Test 2: Images aligned along a bezier spline

Next, I added some code to draw images at each point in the segmented path. The angle of each image is calculated via atan2 using the coordinates of the target point and the neighboring point. The results worked well but started to look funny when the curve was more extreme since the joints between each image became very obvious.

images on bezier

Test 3: Drawing a single textured mesh

The previous technique worked when motionless but when animated it looked sort of like links in a chain rather than a contiguous braid of hair. I also wanted to be able to use a single image of hair rather than ask the illustrator, Caitlin Hamilton, to draw a bunch of individual segments. This turned out to be easier than I thought since I already had the code done to figure out the angles of each segment. Vertices are positioned perpendicularly on each side of a segment and the mesh is drawn from end to end as a single quad strip.

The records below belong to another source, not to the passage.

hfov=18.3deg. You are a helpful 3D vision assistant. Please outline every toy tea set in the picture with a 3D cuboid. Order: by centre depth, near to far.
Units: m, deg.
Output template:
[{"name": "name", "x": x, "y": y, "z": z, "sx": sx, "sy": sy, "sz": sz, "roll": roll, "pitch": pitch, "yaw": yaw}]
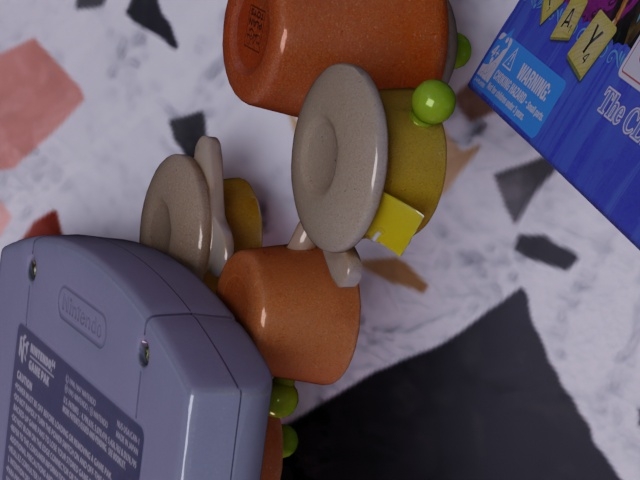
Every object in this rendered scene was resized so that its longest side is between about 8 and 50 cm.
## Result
[{"name": "toy tea set", "x": 0.000, "y": 0.000, "z": 1.022, "sx": 0.336, "sy": 0.124, "sz": 0.200, "roll": -61, "pitch": 36, "yaw": 42}]

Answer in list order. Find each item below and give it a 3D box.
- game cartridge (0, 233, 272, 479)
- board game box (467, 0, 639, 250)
[{"name": "game cartridge", "x": -0.108, "y": 0.103, "z": 1.029, "sx": 0.297, "sy": 0.062, "sz": 0.198, "roll": 28, "pitch": 109, "yaw": 61}, {"name": "board game box", "x": 0.207, "y": -0.140, "z": 0.786, "sx": 0.066, "sy": 0.319, "sz": 0.318, "roll": 28, "pitch": 101, "yaw": -21}]

At this point I felt like I was getting close to finished, but the motion of the hair really didn't feel right. I added some random movement to the bezier control points so the hair would appear to sway, but the extending motion along the path had an unnatural and sort of creepy look to it. This lead to something I thought of in my initial brain storming, but had dismissed as overkill.

bezier mesh

Test 4: Verlet physics simulation!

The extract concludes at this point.